Two fundamentally different types of immunity (immune response) operate in the body against microbial pathogens and other foreign substances, which are:

(i) Innate (nonspecific or natural) immunity and

(ii) Acquired (specific or adaptive) immunity.

The innate immunity includes general mechanisms inherited as part of the innate structure and function of each vertebrate, and acts as a first line of defence.

This immunity lacks immunological memory, i.e., it operates to the same extent each time a microbial pathogen or foreign substance is encountered by the vertebrate host. Contrary to it, the acquired immunity is a more highly evolved system of specific responses that recognize and selectively eliminate specific microbial pathogens and foreign substances.

Moreover, the acquired immunity retains memory of its first encounter with foreign invaders and improves on repeated exposure to them. Substances that are recognised by the immune system as ‘foreign’ and provoke immune responses are referred to as antigens.

The antigens cause specific cells to generate special type of proteins called antibodies (immunoglobulins), which bind to and inactivate the antigen. In addition to the specific cells that generate antibodies, there are other cells of immune system that destroy the foreign invaders.

The above mentioned two immunities (innate and acquired) usually work together to provide a high degree of protection for vertebrates. In some circumstances, however, the immune system of the body fails in providing protection because of some deficiency in its components.

At other times, it becomes an aggressor and turns its awesome powers against its own host resulting in immune disorders (malfunctions). Hypersensitivities (allergies), autoimmune diseases, immunodeficiencies, and transplantation (tissue) rejection are such immune disorders.

Essay on the History of Immunology:

Following is a summarized and lucic account of the achievements which are considered to be the milestones in the development of immunology.

Early Observations:

Immunology is claimed to have emerged out of some observations in the ancient past.
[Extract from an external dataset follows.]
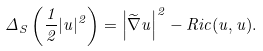<formula> <loc_0><loc_0><loc_500><loc_500>\Delta _ { S } \left ( \frac { 1 } { 2 } | u | ^ { 2 } \right ) = \left | \widetilde { \nabla } u \right | ^ { 2 } - R i c ( u , u ) .</formula> 
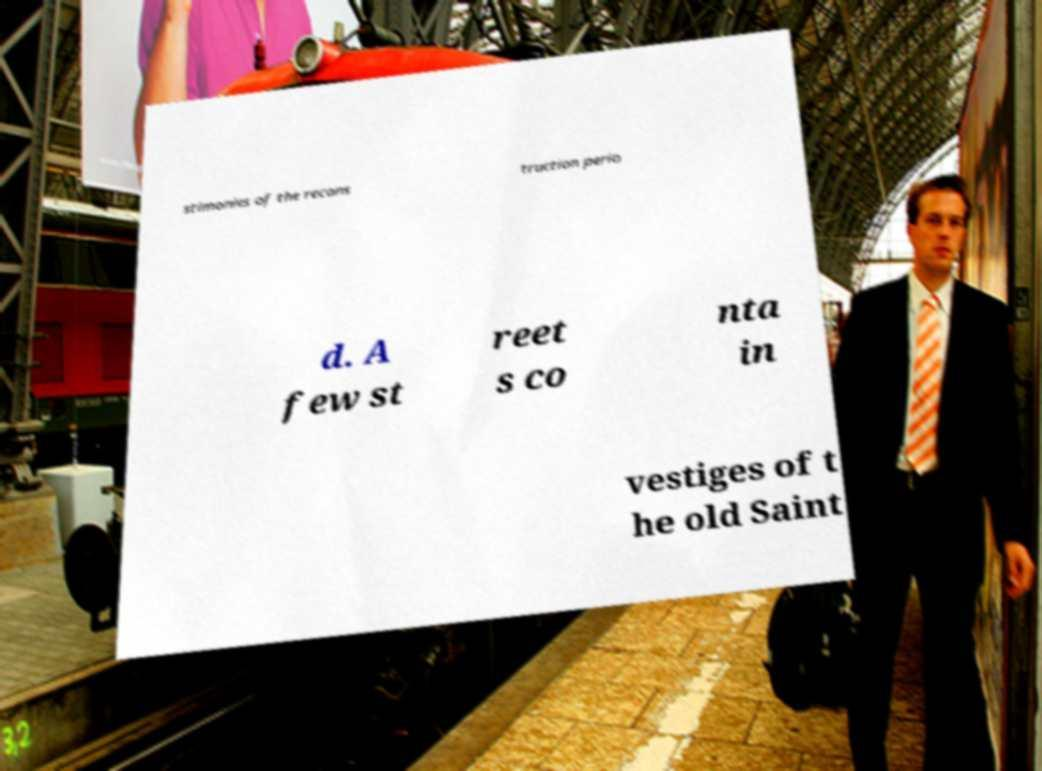Could you extract and type out the text from this image? stimonies of the recons truction perio d. A few st reet s co nta in vestiges of t he old Saint

The ancient people observed that individuals who had recovered from certain infectious disease were not attacked by the same disease again, i.e., they became immune to the disease.

Another important observation dates back to 430 BC when Thucydides, the great historian of the Peloponnesian War, wrote that only those individuals who had recovered from the plague would not contract the disease a second time, and could nurse the plague patients. Thucydides’s observation is perhaps the earliest written reference to the phenomenon of immunity.
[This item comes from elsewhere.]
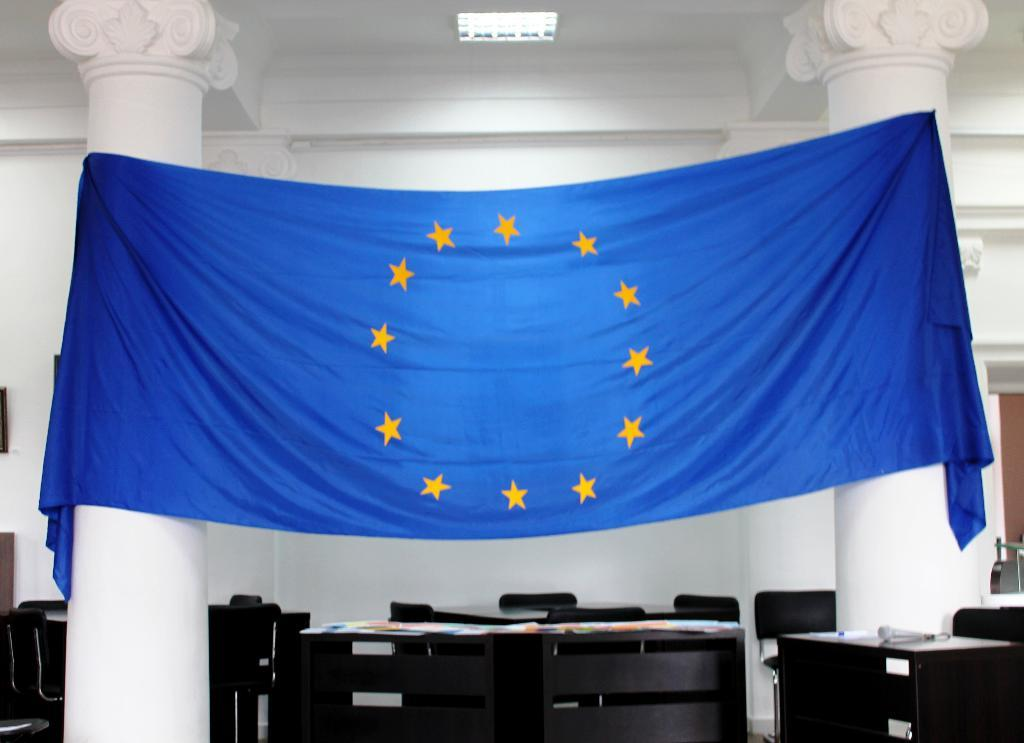What color is the cloth that is visible in the image? There is a blue cloth in the image. What type of architectural feature can be seen in the image? There are pillars in the image. What type of furniture is present in the image? There are chairs and a table in the image. What is visible in the background of the image? There is a wall in the background of the image. What type of illumination is present in the image? There is a light in the image. How many brothers are sitting on the chairs in the image? There is no mention of brothers in the image, and no people are visible. Can you see any yaks in the image? There are no yaks present in the image. 
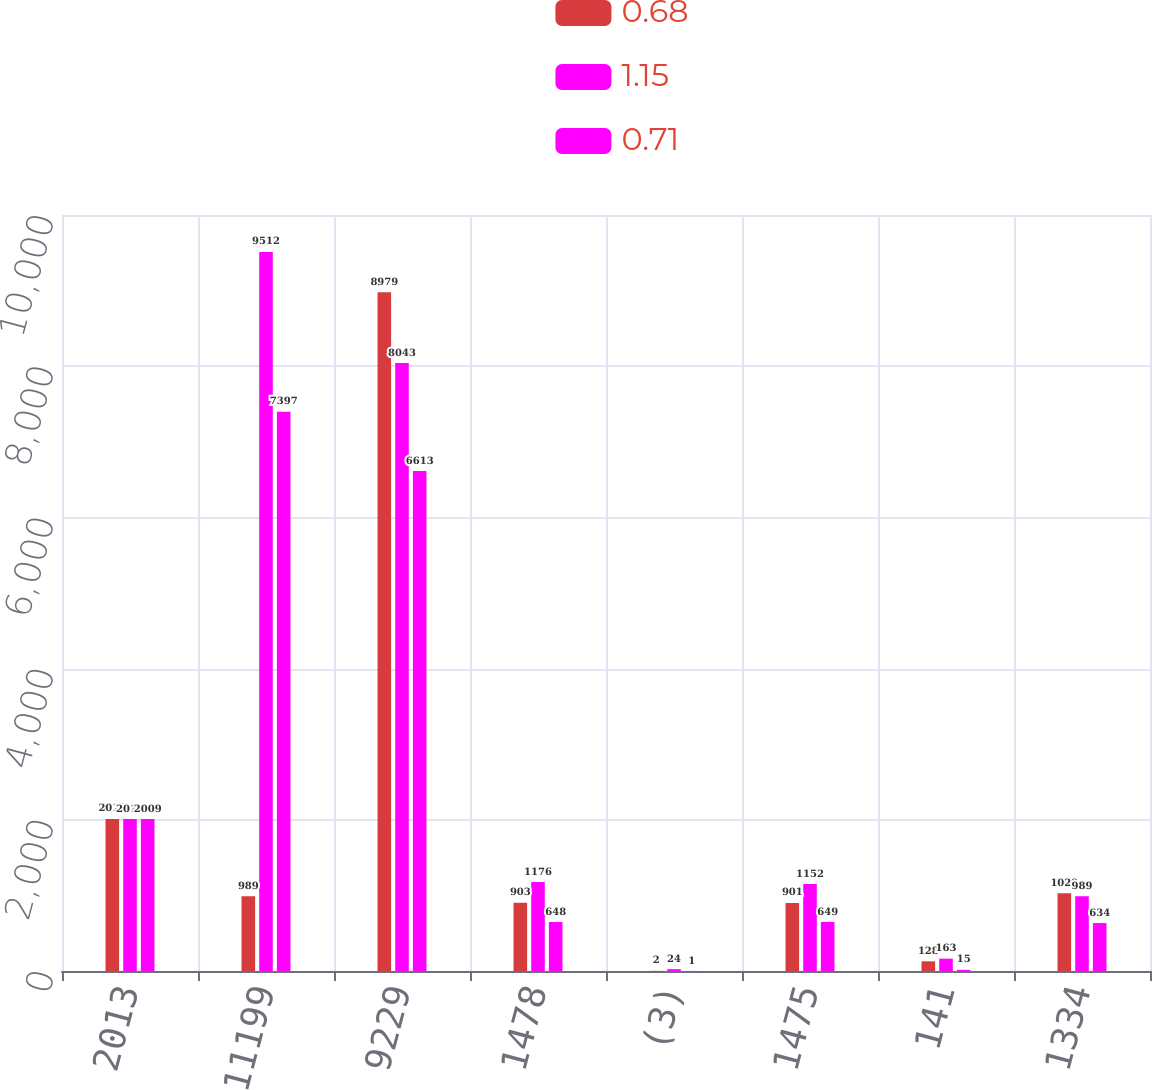Convert chart. <chart><loc_0><loc_0><loc_500><loc_500><stacked_bar_chart><ecel><fcel>2013<fcel>11199<fcel>9229<fcel>1478<fcel>(3)<fcel>1475<fcel>141<fcel>1334<nl><fcel>0.68<fcel>2012<fcel>989<fcel>8979<fcel>903<fcel>2<fcel>901<fcel>128<fcel>1029<nl><fcel>1.15<fcel>2010<fcel>9512<fcel>8043<fcel>1176<fcel>24<fcel>1152<fcel>163<fcel>989<nl><fcel>0.71<fcel>2009<fcel>7397<fcel>6613<fcel>648<fcel>1<fcel>649<fcel>15<fcel>634<nl></chart>

The first recorded attempts to induce immunity deliberately were made by Chinese and Turks in the 15th century. They either inhaled the dried crusts derived from small pox pustules or inserted them into small cuts in the skin (this technique is called variolation).

Lady M.W. Montagu, the wife of the British ambassador to Constantinople, observed in 1718 that there were positive effects of the technique of variolation applied on to the native population. She also applied this technique on her own children and found the positive results.

Development of Vaccination:

The technique of variolation was significantly improved by Edward Jenner, an English physician, in 1798. He was intrigued by the fact that milkmaids, who had contracted the mild disease cowpox, became immune to the dreaded smallpox. Jenner reported to the Royal Society in London the value of immunization with cowpox as a means of protecting against smallpox; a clear case of vaccination.

Thus, he did on the basis of the fact that when he inoculated a 8-year old boy, James Phipps, with cowpox content, the boy escaped from smallpox infection. Jenner’s explanation regarding cowpox vaccination against smallpox established the scientific credibility of vaccination to prevent disease and was accepted by the scientists and physicians of the time.

Jenner, therefore, is credited to have developed the “first vaccine” from cowpox. Jenner’s technique of inoculating with cowpox to protect against smallpox spread rapidly throughout Europe. But unfortunately, it took about a century before this technique was applied to other diseases.

Recognition of Immunology as a Science:

Immunology got recognition as a science in 1880 when the world witnessed a spate of progress brought about by the work of Louis Pasteur, who was studying with cholera bacterium, Pasteur had succeeded in culturing this bacterium, and had shown that chickens developed cholera when the cultured bacteria were injected into them.

Once he used an old culture for injection into some chickens, which fell ill but, to Pasteur’s surprise, they recovered. He subsequently injected these chickens again with freshly cultured bacteria, but these chickens were protected from cholera.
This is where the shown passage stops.